- Gokina is located in Islamabad Capital Territory Gokina
- Coordinates: 33°46′08″N 73°03′57″E﻿ / ﻿33.768937036466035°N 73.06580848180079°E
- Time zone: UTC+5 (Pakistan Standard Time)

= Gokina =

Gokina is a valley settlement situated on the leeward side of the Margalla Hills, 21 km from Islamabad, Pakistan. It borders the Hazara Division in the north.

The hamlet is known for its scenery, green meadows, and terrace farming, and attracts tourists due to its views. The area is filled with pine trees and a natural spring arising from the mountains. The spring, running parallel to the mountains, separates the area into two parts. Its water in some places is stored in local reservoirs for home use.

It sits in a valley near Monal Restaurant and Talhaar, in Haripur District.

== Climate ==
Gokina's climate differs from Islamabad's. The weather is cool to cold in winter and moderate in summer, with ample sunshine during the warm season.

== Source of income ==
Gokina’s residents mostly earn their living through farming and livestock, mainly cattle and water buffalo. Schools in the area are scarce, so many younger residents have migrated to other cities. Tourism is another major source of income; residents run small shops and sell trinkets to visitors. Nowadays most of the residents have government jobs as live stock and agriculture sector do not meet with the needs of the people. Due to scarcity of educational institutions, most of the students both boys and girls got admitted in Islamabad city.

== Transportation ==
The area's mountainous roads are steep, sloppy in bad weather, and narrow, making the valley sometimes difficult to reach. The allure of such surroundings, though, makes the town a tourist draw. Roads are mostly cut out of the mountains, and landslides blocking roads are common. The higher altitudes allow only higher-powered vehicles like pickup trucks to traverse the area. Inhabitants mostly use motor bikes to visit the main cities.

== Infrastructure ==
Most of the people live in cement houses, while some live in mud huts built near their farms. Electricity is provided by the government, but there is no supply of gas, and people burn wood to cook and for heat. Many mosques exist in the village. A medical center with limited services is situated on the outskirts of the village, but the area has no proper hospital, so people must go to the cities for emergencies. There is a high school for boys and girls.
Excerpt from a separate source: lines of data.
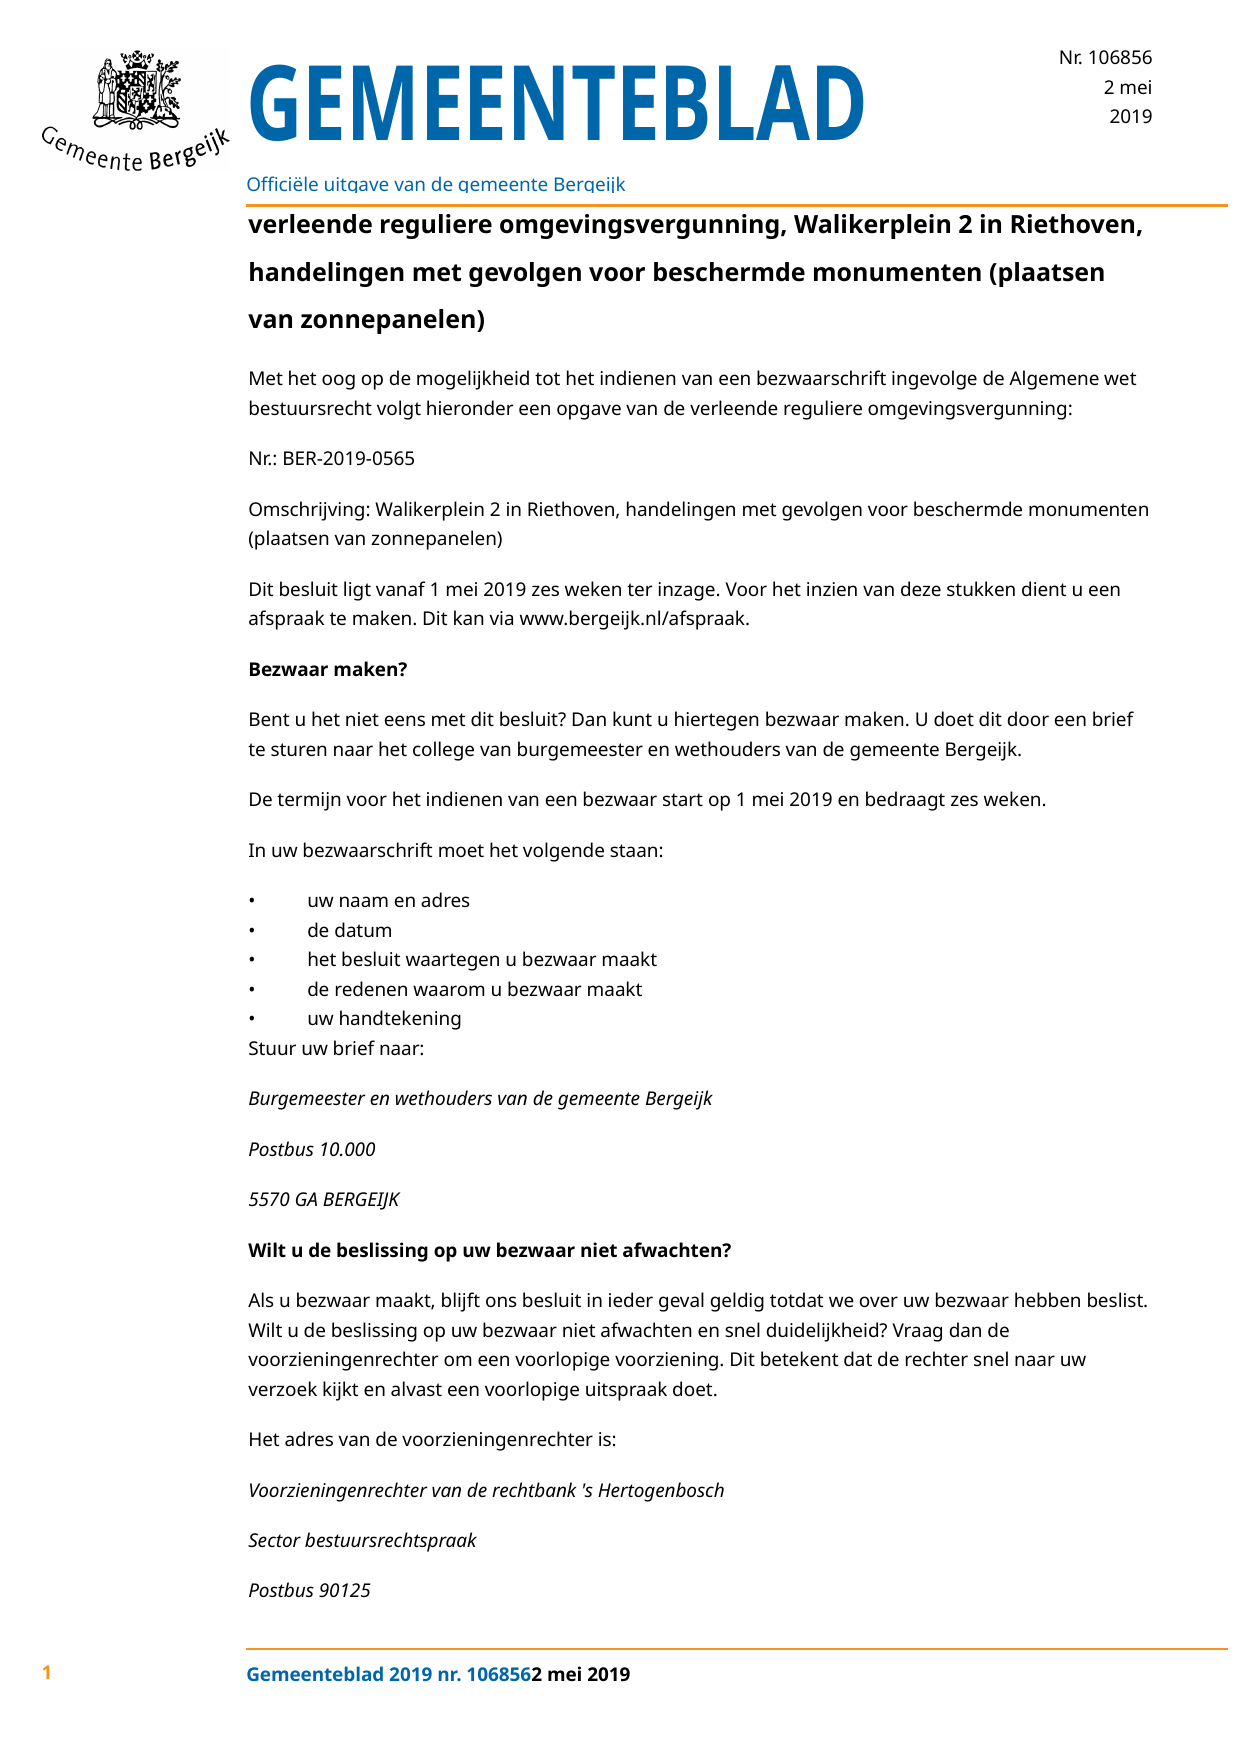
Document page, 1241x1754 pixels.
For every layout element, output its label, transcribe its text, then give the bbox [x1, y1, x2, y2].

text Burgemeester en wethouders van de gemeente Bergeijk [248, 1086, 1152, 1111]
list de redenen waarom u bezwaar maakt [248, 976, 1152, 1002]
text Sector bestuursrechtspraak [248, 1527, 1152, 1553]
list uw naam en adres [248, 887, 1152, 913]
text Het adres van de voorzieningenrechter is: [248, 1426, 1152, 1452]
text verleende reguliere omgevingsvergunning, Walikerplein 2 in Riethoven, handelingen met gevolgen voor beschermde monumenten (plaatsen van zonnepanelen) [248, 207, 1152, 336]
text Wilt u de beslissing op uw bezwaar niet afwachten? [248, 1237, 1152, 1262]
text Postbus 10.000 [248, 1136, 1152, 1162]
text Voorzieningenrechter van de rechtbank 's Hertogenbosch [248, 1477, 1152, 1502]
text Met het oog op de mogelijkheid tot het indienen van een bezwaarschrift ingevolge de Algemene wet bestuursrecht volgt hieronder een opgave van de verleende reguliere omgevingsvergunning: [248, 366, 1152, 421]
text Omschrijving: Walikerplein 2 in Riethoven, handelingen met gevolgen voor beschermde monumenten (plaatsen van zonnepanelen) [248, 496, 1152, 551]
list uw handtekening [248, 1006, 1152, 1031]
picture [41, 47, 231, 172]
text Stuur uw brief naar: [248, 1035, 1152, 1061]
text Dit besluit ligt vanaf 1 mei 2019 zes weken ter inzage. Voor het inzien van deze stukken dient u een afspraak te maken. Dit kan via www.bergeijk.nl/afspraak. [248, 576, 1152, 631]
list het besluit waartegen u bezwaar maakt [248, 946, 1152, 972]
text 5570 GA BERGEIJK [248, 1186, 1152, 1212]
text Als u bezwaar maakt, blijft ons besluit in ieder geval geldig totdat we over uw bezwaar hebben beslist. Wilt u de beslissing op uw bezwaar niet afwachten en snel duidelijkheid? Vraag dan de voorzieningenrechter om een voorlopige voorziening. Dit betekent dat de rechter snel naar uw verzoek kijkt en alvast een voorlopige uitspraak doet. [248, 1287, 1152, 1402]
text Postbus 90125 [248, 1578, 1152, 1603]
text De termijn voor het indienen van een bezwaar start op 1 mei 2019 en bedraagt zes weken. [248, 786, 1152, 812]
text Bent u het niet eens met dit besluit? Dan kunt u hiertegen bezwaar maken. U doet dit door een brief te sturen naar het college van burgemeester en wethouders van de gemeente Bergeijk. [248, 706, 1152, 762]
text In uw bezwaarschrift moet het volgende staan: [248, 837, 1152, 862]
list de datum [248, 917, 1152, 942]
text Nr.: BER-2019-0565 [248, 446, 1152, 471]
text Bezwaar maken? [248, 656, 1152, 682]

On 23 February 2023, Asia-Pacific region's first smart village was inaugurated in Gokina. The project, part of the Smart Village Pakistan programme, aims to digitally transform the village by providing access to the Internet and other digital services such as EHealth. The project was jointly launched by the Ministry of Information Technology and Telecommunication, Huawei, International Telecommunication Union, and Universal Service Fund.